The callback is stateless, and supplies the rpmteKey(p)
correctly. Please fix anaconda and yum code to be more
robust, whatever yum or anaconda has been doing has
*always* been broken even if not seen before Monday past.

Reassigning to yum to start the change ...


Comment 10 Jeremy Katz 2005-02-10 20:03:28 UTC
Well, the callback did change for rpm 4.1 but that didn't really
percolate into the python bindings.  And even looking at things, I
don't see rpmteKey differing between the RPMCALLBACK_INST_OPEN_FILE
even if I was doing it from C.  So I'm not sure exactly how the
callback being stateless or not matters.

Also, using INST_OPEN_FILE to get these scriptlets seems like a
significant overload of the implied meaning of the 'what' flags. 
Especially for things which don't do the pre-install download of
everything (ie, anaconda) as you're now having to download everything
more than once _or_ predownload everything which isn't really feasible
in huge transaction sets.  

The "right" thing to do really seems to be more to me that what
shouldn't be RPMCALLBACK_INST_OPEN_FILE and should instead be
something like RPMCALLBACK_PRE_OPEN_FILE and _POST_ (s/OPEN/CLOSE/
appropriately).  Then, cases where they can be handled the same, you
can add things to case statements.  But where the behavior does need
to differ, it can and you don't break anything that's already existing.
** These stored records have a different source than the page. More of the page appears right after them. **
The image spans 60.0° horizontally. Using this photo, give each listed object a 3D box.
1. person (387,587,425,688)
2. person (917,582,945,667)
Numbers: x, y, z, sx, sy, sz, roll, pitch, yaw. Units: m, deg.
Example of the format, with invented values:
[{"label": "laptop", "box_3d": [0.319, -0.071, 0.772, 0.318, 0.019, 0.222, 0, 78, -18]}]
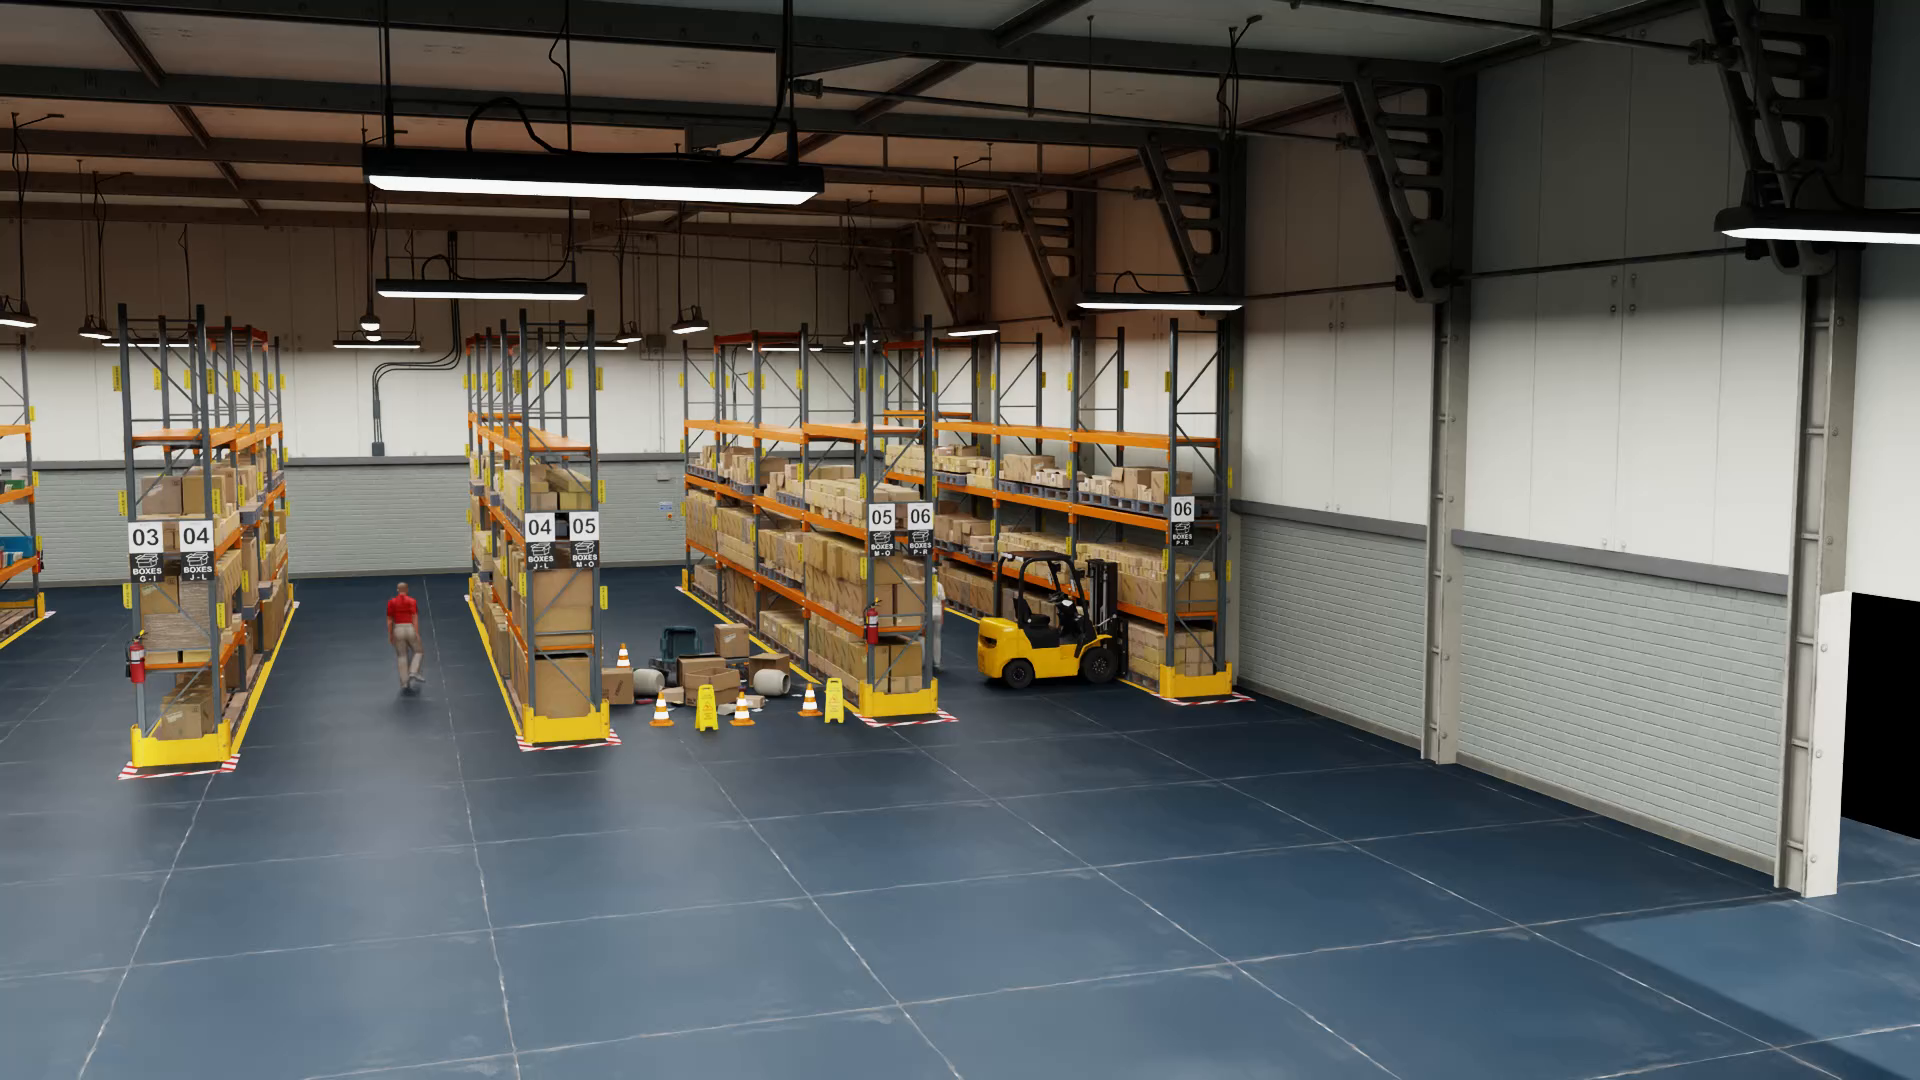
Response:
[{"label": "person", "box_3d": [-9.092, 1.603, 27.273, 0.598, 1.621, 0.493, -1, 5, -9]}, {"label": "person", "box_3d": [-0.518, 1.408, 29.223, 0.578, 1.779, 0.602, -2, 6, -22]}]
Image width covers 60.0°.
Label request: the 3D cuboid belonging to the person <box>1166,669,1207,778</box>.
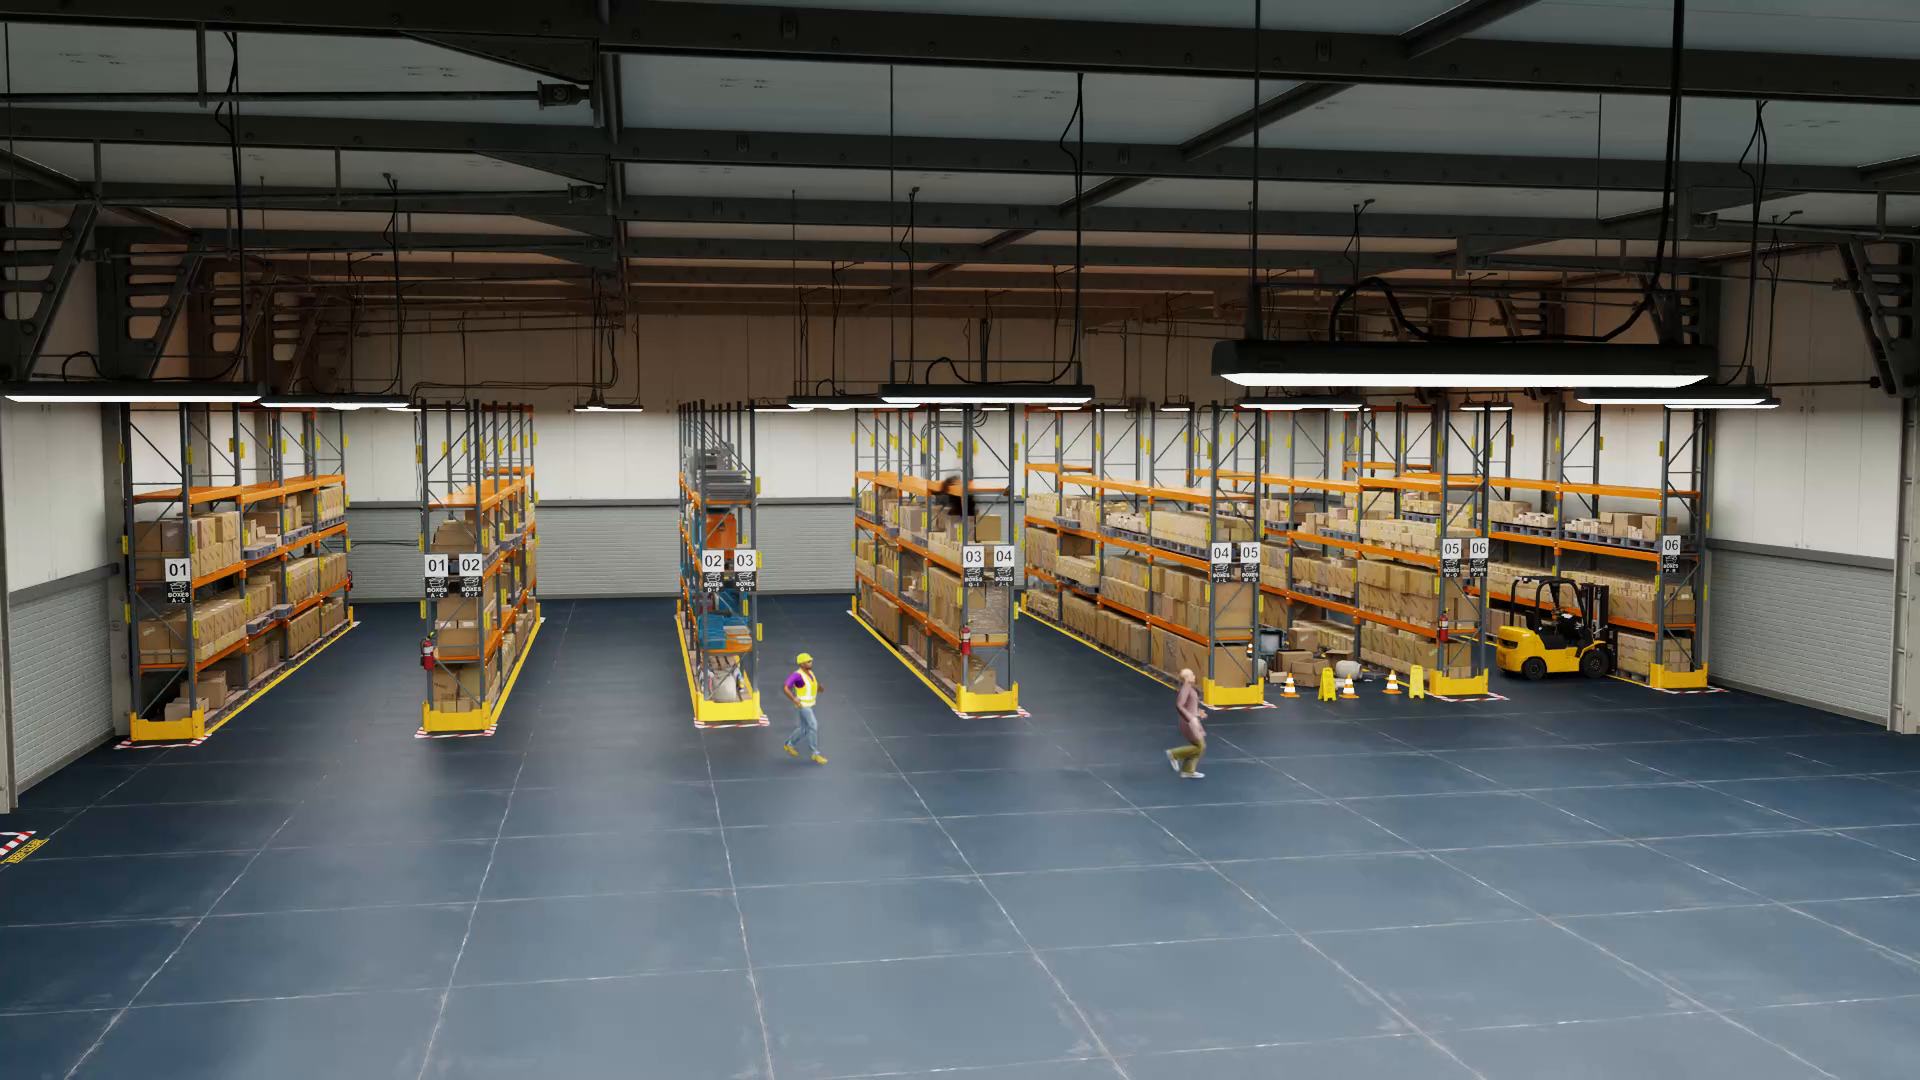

Comment 11 Jeff Johnson 2005-02-10 20:36:49 UTC
I disagre. The better fix is to not do the callback at all,
there is no reason to read (and verify signatures etc etc)
repeatedly when the values can be snarfed and saved when
the header is originally stripped of data.
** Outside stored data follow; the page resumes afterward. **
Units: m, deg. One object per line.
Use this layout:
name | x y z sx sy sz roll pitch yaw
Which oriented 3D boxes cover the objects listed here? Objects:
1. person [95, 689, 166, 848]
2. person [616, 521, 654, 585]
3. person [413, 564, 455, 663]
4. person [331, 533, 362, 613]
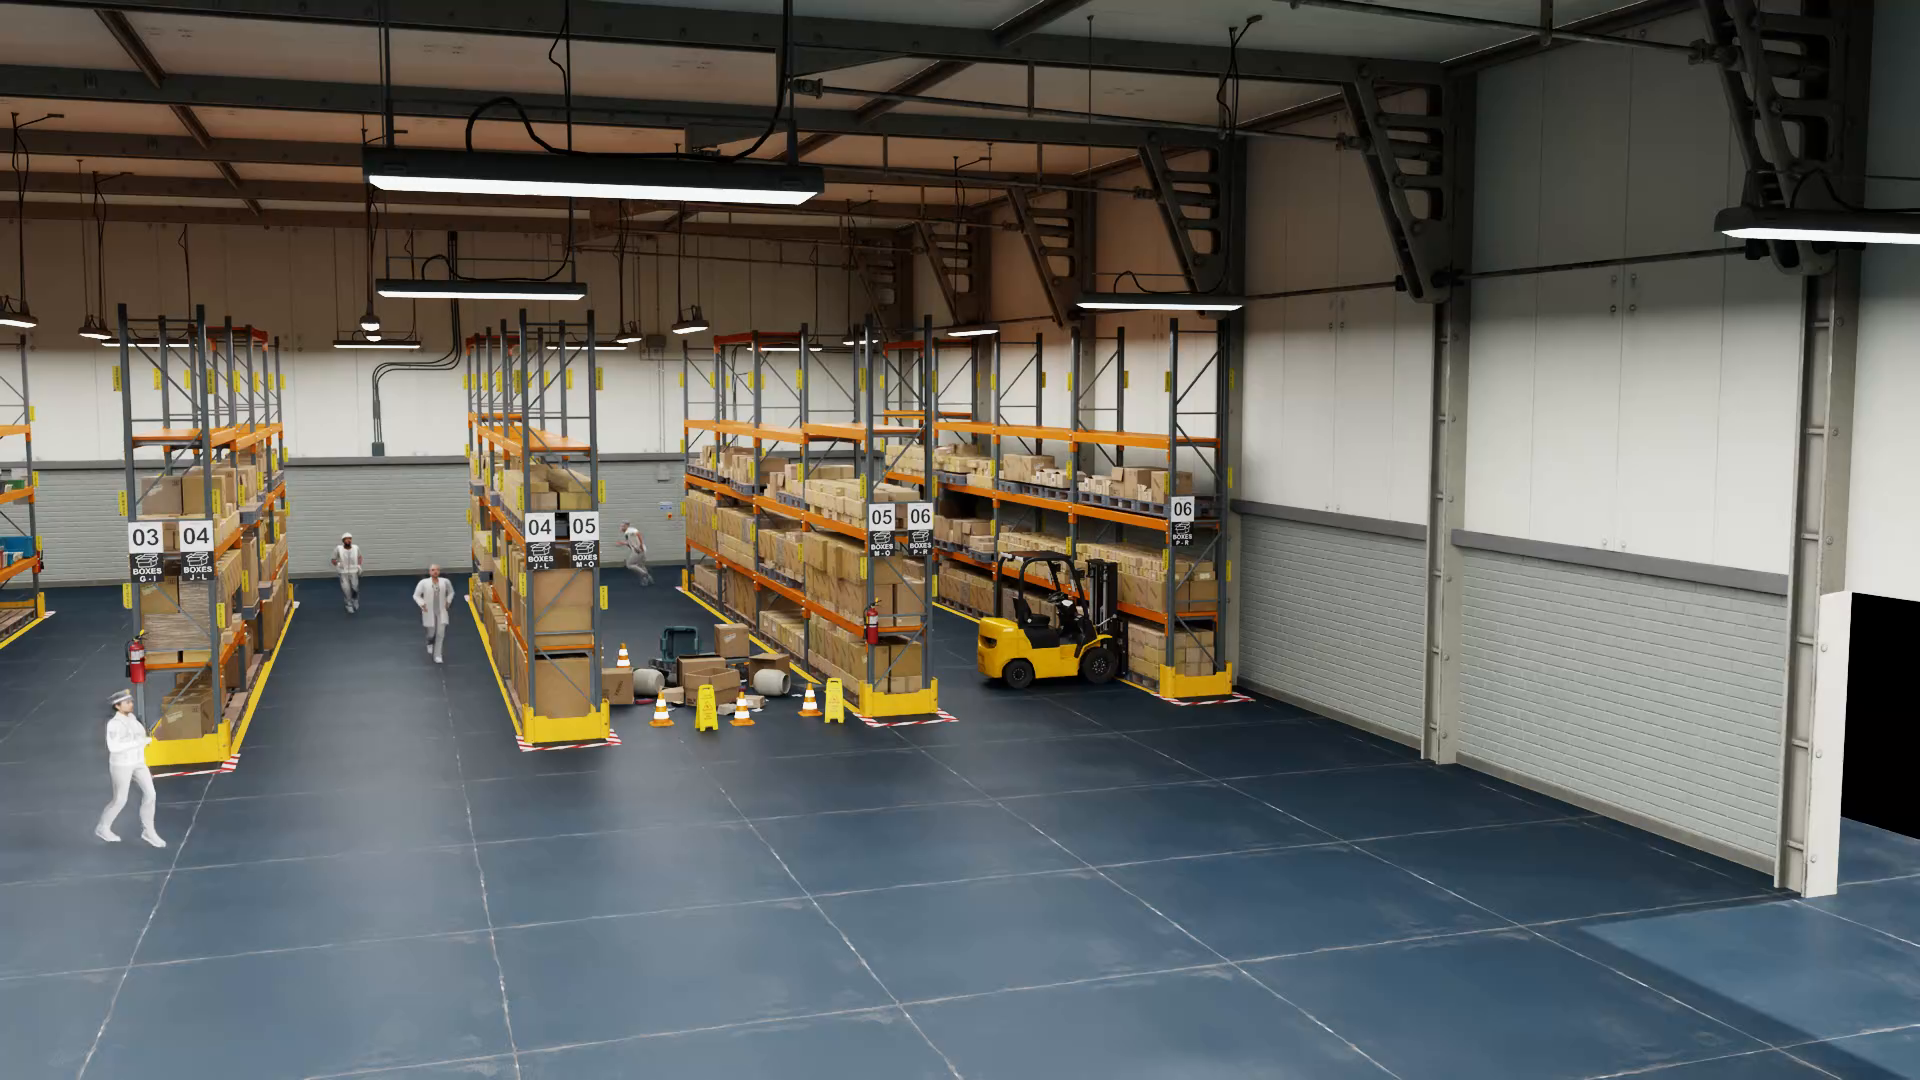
person | -8.965 2.457 17.886 0.740 1.743 0.600 1 6 10
person | -7.988 0.322 40.831 0.920 1.617 0.694 -1 6 -13
person | -9.400 1.302 29.794 0.726 1.745 0.865 -3 6 -26
person | -13.247 0.720 35.994 0.661 1.745 0.608 -3 6 -29

That change is more major than what can be undertaken
for rpm-4.4.1. The current patch is adequate to avoid
the problem until after rpm-4.4.1 is released.

There are many other problems with the existing callback
scheme, that addding Yet Another Enum cannot fix.

Deferred until rpm-4.4.2.

Comment 12 Jeff Johnson 2005-02-10 21:02:51 UTC
RPMCALLBACK_INST_{OPEN,CLOSE}_FILE is the only what
field atm that happens to have the predefined semantic
of indeed, returning a file descriptor for the package.

Adding other enum values with the same semantic is
certainly possible, but requires all applications to
implement and, indeed, return an open file descriptor
for previously unknown callback what.

Changing all applications that use the callback to return
an open fd is more of a change than fixing the two applications
that happen to be counting packages as side effect of the
callback, that might perhaps be able to figger out
from other args that the package has already been counted.

That was the rationale for assigning to yum.

Anyways, no callback at all is the better fix, and that's
not gonna happen in rpm-4.4.1. The current change, to test
for presence of pre- and post-transaction tags, which exist
in no package at all, is adequate fix.